平成三十一年度予算案に対し、反対の立場から討論を行います。(拍手)
一月、二月になると、地元相模原市から小学生が国会見学にやってきます。そこで子供たちに国会の役割は何だと思いますかと質問すると、子供たちは予算と法律をつくるところだと答えてくれます。更に話してみると、自分たちも消費税を払っている納税者だという意識を持っている子もいます。子供たちに恥じない、未来につながる予算編成を私たち政治家はしなければならない、そう思っています。
さて、そう思ったとき、平成三十一年度予算案は果たして未来につながる予算編成となっているでしょうか。残念ながら、私にはそう思えません。
通常国会冒頭の代表質問で我が会派の野田佳彦代表が指摘したように、昨年十一月の財政審建議は、平成を、常に受益拡大と負担軽減、先送りを求めるフリーライダーのゆがんだ圧力に税財政運営があらがい切れなかった時代と総括しています。
当初予算として初めて一般会計総額が百兆円の大台を超える平成三十一年度予算案の歳出膨張の要因は、消費税増税対策と称するばらまき予算です。
私は、社会保障の充実、安定のため、前提となる諸条件さえ整えば、国民皆様に御理解をいただきながら、消費税を増税することをやむを得ないと考えています。しかし、安倍政権は、参議院の定数六増や社会保障改革の立ちおくれなど、国民との約束を明らかにたがえており、到底、消費増税の前提条件が整ったとは言えません。

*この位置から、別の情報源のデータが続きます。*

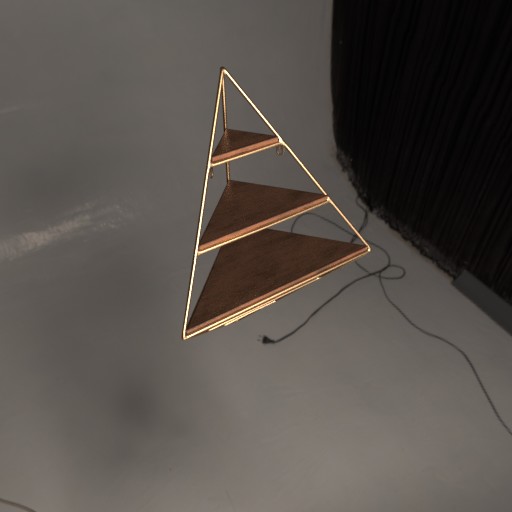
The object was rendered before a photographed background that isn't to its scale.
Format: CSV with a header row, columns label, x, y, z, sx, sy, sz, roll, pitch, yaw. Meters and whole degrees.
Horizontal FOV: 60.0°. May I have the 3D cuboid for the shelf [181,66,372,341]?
label,x,y,z,sx,sy,sz,roll,pitch,yaw
shelf,0.000,0.000,1.195,0.564,0.913,0.294,-23,49,-21
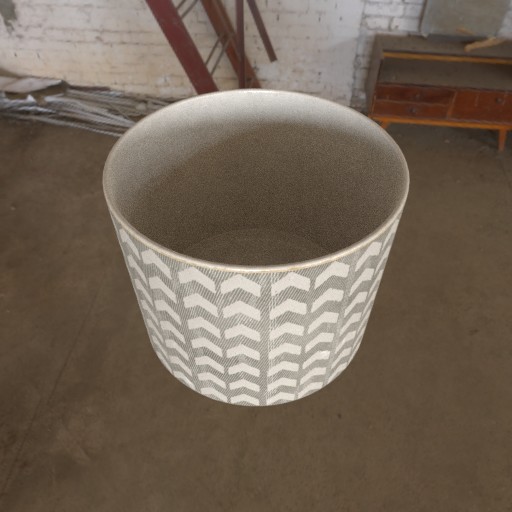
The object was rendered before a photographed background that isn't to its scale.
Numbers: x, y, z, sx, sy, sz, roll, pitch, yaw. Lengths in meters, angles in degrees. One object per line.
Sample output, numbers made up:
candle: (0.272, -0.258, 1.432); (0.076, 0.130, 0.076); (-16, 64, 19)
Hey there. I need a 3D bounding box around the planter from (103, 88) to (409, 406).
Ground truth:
planter: (0.000, 0.000, 0.347); (0.190, 0.181, 0.190); (0, 47, 0)
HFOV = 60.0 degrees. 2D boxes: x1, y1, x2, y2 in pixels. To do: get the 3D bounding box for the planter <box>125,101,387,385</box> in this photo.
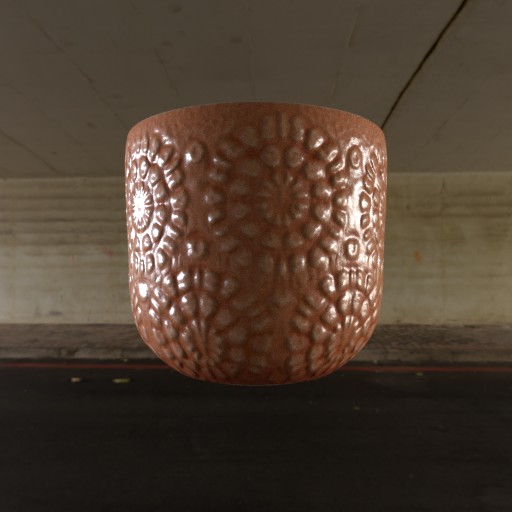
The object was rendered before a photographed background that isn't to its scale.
[{"bbox_3d":[0.000,0.000,0.218,0.124,0.109,0.124,0,-1,0],"label":"planter"}]

その上、ばらまき予算の象徴である、キャッシュレス決済でのポイント還元策は、対象商品や購入店舗、購入手段によって、実質的に三、五、六、八、一〇%の複数税率を生み出し、店頭での混乱を懸念される上、カードを持てない高齢者や子供たちには恩恵が及ばないという、致命的な不公平を生む愚策であります。
この大盤振る舞いのポイント還元策は来夏の東京オリンピックまでで終了するため、その時点での実質的な大幅増税によって、オリンピック後の不景気、いわゆるオリンピックの崖に転落する懸念もあります。
まして、将来不安の解消や社会保障の充実、財政再建のため増税もやむを得ないと理解してくださっていた国民にとって、政府への不信が増幅されることにつながります。
消費税財源の使途を変更して実施することとなった幼児教育無償化は、一昨年の総選挙直前に安倍総理が、突如、独断で決めた経緯があり、待機児童対策や保育の質の確保に関する議論が置き去りにされています。
特に、子育てや保育、幼児教育について直接責任を持つ地方自治体との間で、政策的な意見交換が十分行われた形跡はありません。まして、国の都合で、財源負担の半分を事後的に地方にツケ回す中央集権的な安倍政権の姿勢は、この数十年地方分権を推し進めてきた国政、地方政治の積み重ねや地方自治の理念と重要性を無視するものと言わざるを得ません。
我が会派は、医療制度を始め、いまだ手つかずの社会保障の改革について、地方の現場の実情を踏まえて取り組み、一人でも多くの国民の皆様が満足し、安心していただける制度を提言していく所存です。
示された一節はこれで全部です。